Hello Leo, good question. Many advanced calisthenics will produce excellent results and there tends to be a high degree of carry over to other moves. For example even if you don’t do dips doing one arm push ups will give you triceps strength. However doing dips will be more effective simply because of skill specificity; knowing how to move your body around the bar is indispensable to a muscle up. Anyway, basically do what you want. But if I had to narrow it down, my #1 exercise would be bridging. Stand to stand bridges work everything except the triceps biceps shoulders and chest. Even the quads get a decent amount of work (depending on how you’re bridging). Adding bridge push ups will work the triceps and shoulders so that’s almost everything in one workout. But primarily it really strengthens the lower back which is most critical for postural health, plus all of the other benefits discussed in CC.
My #2 exercise is the pistol squat, for the injury prevention and leg strengthening and mobility benefits discussed in CC.
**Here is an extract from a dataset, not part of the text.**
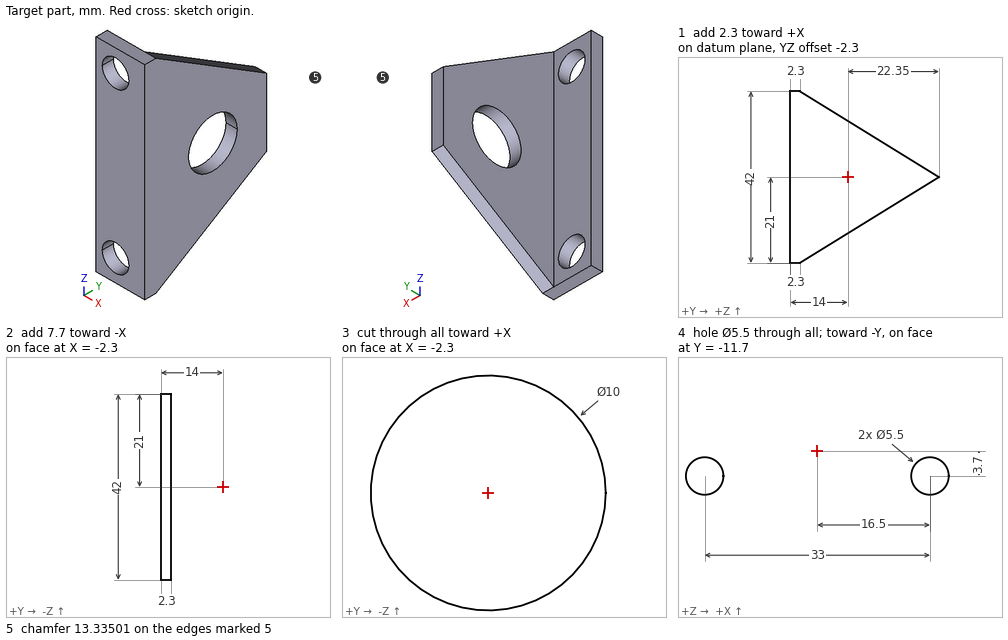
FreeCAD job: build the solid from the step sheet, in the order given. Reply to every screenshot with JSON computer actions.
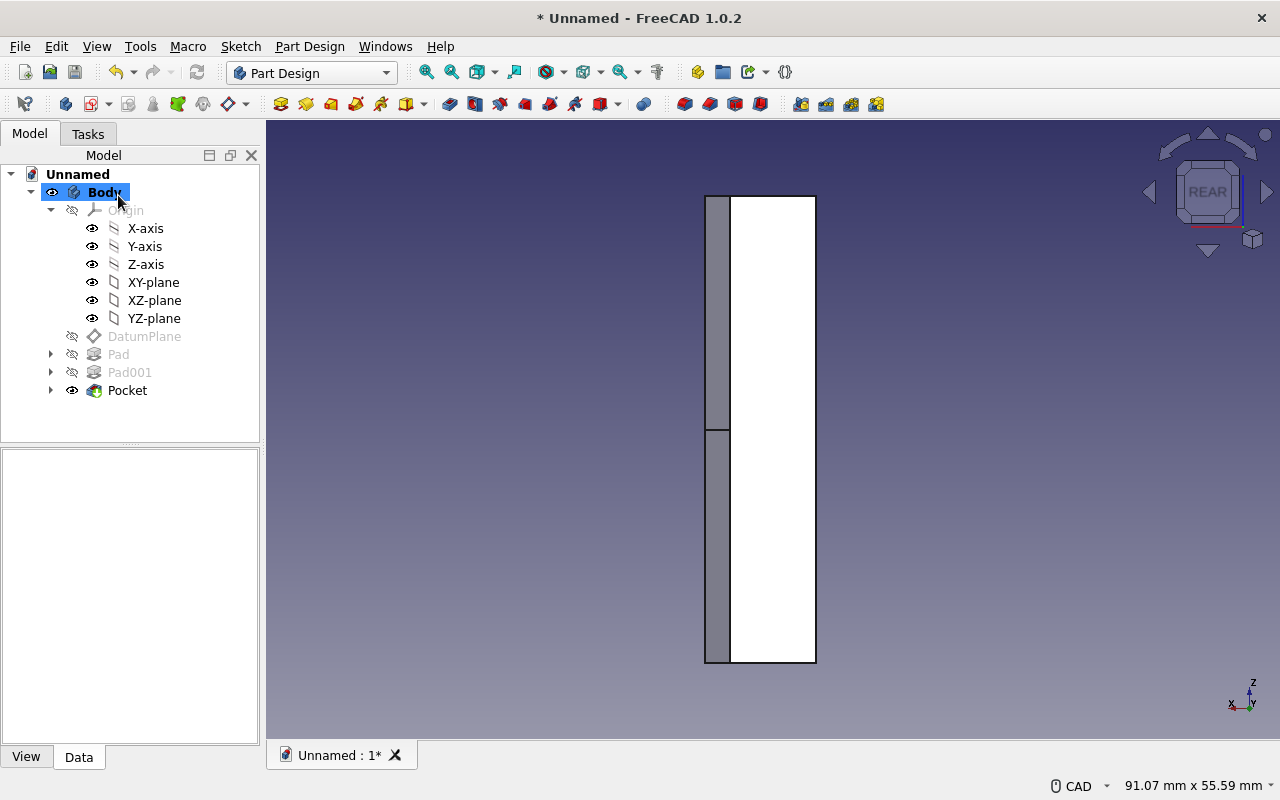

My #3 exercise is the muscle up. It is an amazing exercise with a lot going for it. It complements the handstand push up and stand to stand bridge perfectly, it fills the huge gap between the standard pull up and the one arm pull up very well, it gives you the benefit of a dip, pull up, and hanging leg raise *plus* the difficult transition. The dip itself is an excellent pressing move to complement the handstand push up as it gives further work to the triceps and works the chest. Since the transition is basically a mid-high level pull, the pull up phase basically is a support movement (as is the dip to the handstand push up) to the transition giving further emphasis to the lats, shoulders, and biceps. The transition also requires abdominal recruitment that is akin to a hanging leg raise, in addition to great shoulder and lat strength (as well as a surprising amount of strength in the chest and triceps).
My #4 exercise is the handstand push up, as it fills in any glaring gap in the other three but as awesome as it is it doesn’t have the injury prevention benefits of the bridges or pistols and does not offer the extremely beneficially compound nature of the muscle up.
EDIT: the major takeaway here is that CC is a good resource and the philosophy behind the exercises is excellent. While you can train your entire body with just the progressions in the book, there are other exercises that, in my experience, are more succinct, especially when you compare non-master step progressions. The clearest example is that, overall, the muscle up offers more benefits than the progressions leading up to the one arm pull up in CC…I do really like the trifecta in CC2 though, particularly the twist holds, and obviously bridging.